Why this matters: in 2027-2028, your business agents will negotiate with supplier agents, customer agents will talk to support agents across platforms, and marketing agents will coordinate campaigns with influencer agents — all machine-to-machine. Building the protocol layer now means we're ready when this arrives.

What's coming next

The full platform has 14 milestones. I'm currently on the build phase, deploying infrastructure on a Hetzner VPS with Claude Code + GSD-2 running the development process.

What I'm building toward:

YouTube content pipeline: from idea to published video, fully automated
Business Exchange: marketplace for buying and selling AI-powered businesses
Cross-business learning: anonymous patterns shared across all businesses on the platform
400+ integrations via Composio: Gmail, Slack, HubSpot, Notion, Jira — one MCP server
7 business templates: Online Education, SaaS, Agency, E-commerce, Content, Marketplace, Coaching

Tech stack summary

Layer	Technology
Server	Ubuntu 24.04, Hetzner CPX31
AI Engine	Claude Code CLI via OpenRouter
Orchestration	GSD-2 + Ruflo
API Gateway	FastAPI + Redis pub/sub
Interfaces	Telegram (aiogram), React Web UI, REST API
Research	Perplexica, SurfSense, AnythingLLM, Firecrawl
Integrations	Composio (400+ apps), MCP servers
Memory	Obsidian Vault + MCPVault + git
Payments	Stripe, Paddle (MoR)

Why I'm sharing this

Two reasons. First, I genuinely believe this is where software is heading — from tools to autonomous business operators. The predictions from Dario Amodei, Sam Altman, and every major AI lab point to agents handling multi-week projects autonomously by 2028. Building the platform for this now is a bet on the near future.

Second, building in public keeps me honest. If you see flaws in the architecture, I want to know.
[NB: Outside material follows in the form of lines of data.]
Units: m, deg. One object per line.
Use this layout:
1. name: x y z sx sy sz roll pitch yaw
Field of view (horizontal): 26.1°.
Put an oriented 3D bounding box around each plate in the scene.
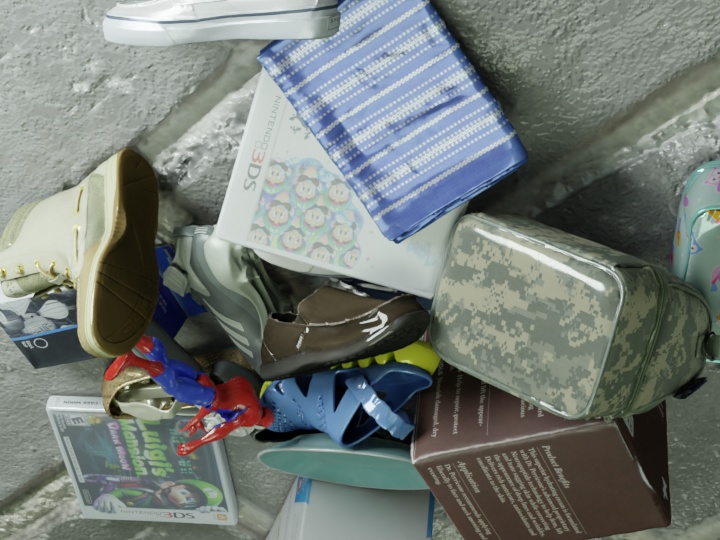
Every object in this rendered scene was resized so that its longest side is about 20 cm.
1. plate: -0.002 0.186 1.530 0.198 0.026 0.200 7 163 2

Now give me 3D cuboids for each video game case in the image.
1. video game case: -0.233 0.209 1.689 0.180 0.023 0.201 1 136 7
2. video game case: -0.004 -0.084 1.300 0.198 0.024 0.183 15 112 -8

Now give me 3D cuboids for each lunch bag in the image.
1. lunch bag: 0.183 0.038 1.309 0.199 0.167 0.141 22 106 40
2. lunch bag: 0.350 -0.002 1.339 0.159 0.078 0.201 1 136 6

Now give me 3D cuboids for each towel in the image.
1. towel: 0.027 -0.130 1.248 0.144 0.024 0.201 -30 111 18

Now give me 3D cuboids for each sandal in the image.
1. sandal: -0.017 0.123 1.437 0.199 0.088 0.079 -19 145 36

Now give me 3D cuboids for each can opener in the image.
1. can opener: -0.170 0.089 1.482 0.200 0.067 0.052 43 148 -25

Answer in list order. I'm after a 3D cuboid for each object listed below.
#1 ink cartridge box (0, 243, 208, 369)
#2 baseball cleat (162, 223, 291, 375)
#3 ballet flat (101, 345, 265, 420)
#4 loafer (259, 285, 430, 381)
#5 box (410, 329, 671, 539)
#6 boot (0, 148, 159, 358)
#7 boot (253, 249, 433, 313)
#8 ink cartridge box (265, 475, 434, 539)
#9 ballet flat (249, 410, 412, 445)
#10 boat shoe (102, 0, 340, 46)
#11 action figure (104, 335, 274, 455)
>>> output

If you're building something similar, let's compare notes. If you want to be an early user — I'll be opening access soon.

Follow the build: I'll be posting weekly updates here on dev.to with technical deep dives into each component.
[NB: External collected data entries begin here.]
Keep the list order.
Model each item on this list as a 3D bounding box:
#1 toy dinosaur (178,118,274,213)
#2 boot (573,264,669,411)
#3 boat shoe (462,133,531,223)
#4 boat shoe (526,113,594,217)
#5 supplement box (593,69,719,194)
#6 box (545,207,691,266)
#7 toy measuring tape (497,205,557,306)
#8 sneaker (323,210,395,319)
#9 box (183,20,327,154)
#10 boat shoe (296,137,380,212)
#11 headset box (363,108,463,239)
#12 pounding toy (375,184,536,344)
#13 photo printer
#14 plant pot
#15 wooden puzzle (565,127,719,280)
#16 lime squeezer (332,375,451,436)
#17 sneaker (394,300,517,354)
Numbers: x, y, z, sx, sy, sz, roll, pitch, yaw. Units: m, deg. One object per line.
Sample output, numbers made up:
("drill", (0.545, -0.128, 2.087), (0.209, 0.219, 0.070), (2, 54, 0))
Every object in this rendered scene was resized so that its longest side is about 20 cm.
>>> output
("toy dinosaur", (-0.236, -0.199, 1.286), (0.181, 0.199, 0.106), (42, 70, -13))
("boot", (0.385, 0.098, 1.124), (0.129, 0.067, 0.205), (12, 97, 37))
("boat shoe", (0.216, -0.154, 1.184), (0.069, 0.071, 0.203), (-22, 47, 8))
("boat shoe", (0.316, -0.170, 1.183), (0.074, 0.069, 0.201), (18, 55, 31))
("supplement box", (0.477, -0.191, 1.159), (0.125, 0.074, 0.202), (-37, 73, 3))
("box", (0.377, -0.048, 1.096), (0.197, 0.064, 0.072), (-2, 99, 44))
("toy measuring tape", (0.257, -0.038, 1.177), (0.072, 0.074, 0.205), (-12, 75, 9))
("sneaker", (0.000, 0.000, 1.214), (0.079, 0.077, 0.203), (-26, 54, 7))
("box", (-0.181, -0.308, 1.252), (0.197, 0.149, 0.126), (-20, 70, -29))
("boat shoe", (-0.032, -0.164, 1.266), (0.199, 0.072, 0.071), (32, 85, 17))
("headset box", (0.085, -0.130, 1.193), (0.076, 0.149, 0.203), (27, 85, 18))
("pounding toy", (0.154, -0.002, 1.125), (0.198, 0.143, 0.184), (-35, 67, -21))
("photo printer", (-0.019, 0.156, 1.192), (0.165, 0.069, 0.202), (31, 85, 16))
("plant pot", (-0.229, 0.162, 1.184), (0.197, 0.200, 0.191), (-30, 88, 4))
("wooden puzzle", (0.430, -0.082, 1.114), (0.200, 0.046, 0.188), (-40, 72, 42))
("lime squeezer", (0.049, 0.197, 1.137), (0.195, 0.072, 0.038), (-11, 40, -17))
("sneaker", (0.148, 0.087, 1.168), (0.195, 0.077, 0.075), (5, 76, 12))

What would you build if you had 28 AI agents at your command?

Top comments (1)

kanta13jp1 • Apr 14

Really interesting direction. What stood out to me most was the two-layer architecture — separating business-specific manager agents from shared tool agents feels much more scalable than the usual flat “list of agents” approach.

I also liked that you put a viability gate before build execution. That’s a strong design choice, because a lot of agent systems focus on generation speed but not on whether the thing should be built in the first place.

The combination of persistent memory, event-driven observability, and model routing makes this feel closer to an operating system for AI-native businesses than just another agent demo. Curious to see how the business-layer context evolves over time as the vault compounds.